Thinking about thinking

I have been thinking about thinking lately.  I know, I know, if I’m not careful, I’ll hurt myself!

But seriously FYI you guys*, I have been thinking about critical thinking.

You know those paranoiac facebook status memes that people are cutting and pasting into your life with ever-increasing frequency?  I think they’re kind of like postmodern urban legends, only dumbed down for the post-MTV internet age. Less believable. And definitely less entertaining. My deep-seated contempt for herd mentality aside, I really have to hold myself back from lashing out when I see people carelessly feeding those monsters. I mean, did people *really* believe that facebook was going to start charging users? To me, falling for that is only a notch above believing “I am a Nigerian prince and I need your bank account information to wire you a million in cash.” And apparently the gulliblometer needs to read up to about 100, because a lot of people seem to be candidates for buying some waterfront property in the desert for cheap! (I just made up the word gulliblometer, and am now obsessed with it.)

What I’m getting at here is that critical thinking skills are apparently not as developed across members of our society as some of us might like to believe. Maybe just a tiny wee little bit of critical thinking before cutting and pasting panic-laden lies all over the internet would be nice, right?

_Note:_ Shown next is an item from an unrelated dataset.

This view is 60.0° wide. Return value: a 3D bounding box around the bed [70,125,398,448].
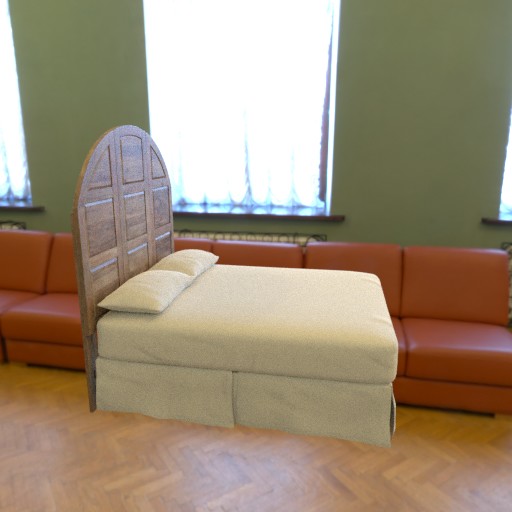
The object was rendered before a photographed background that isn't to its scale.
[{"bbox_3d":[0.000,0.000,3.506,2.112,2.002,1.713,3,14,10],"label":"bed"}]

To delve deeper into the topic of critical thinking — and also in the interest of full disclosure and complete fairness to everyone who I may have just offended by calling them gullible — I have to say that I am only recently seeing myself growing as a critical thinker. One thing that has spurred growth in that area for me is my work in a rhetorical criticism class. It’s all about looking at examples of communication and attempting to discover how they work. Certainly I have analyzed music, literature, media and other subjects critically before, but I’m also realizing that I have taken many things at face value for many years.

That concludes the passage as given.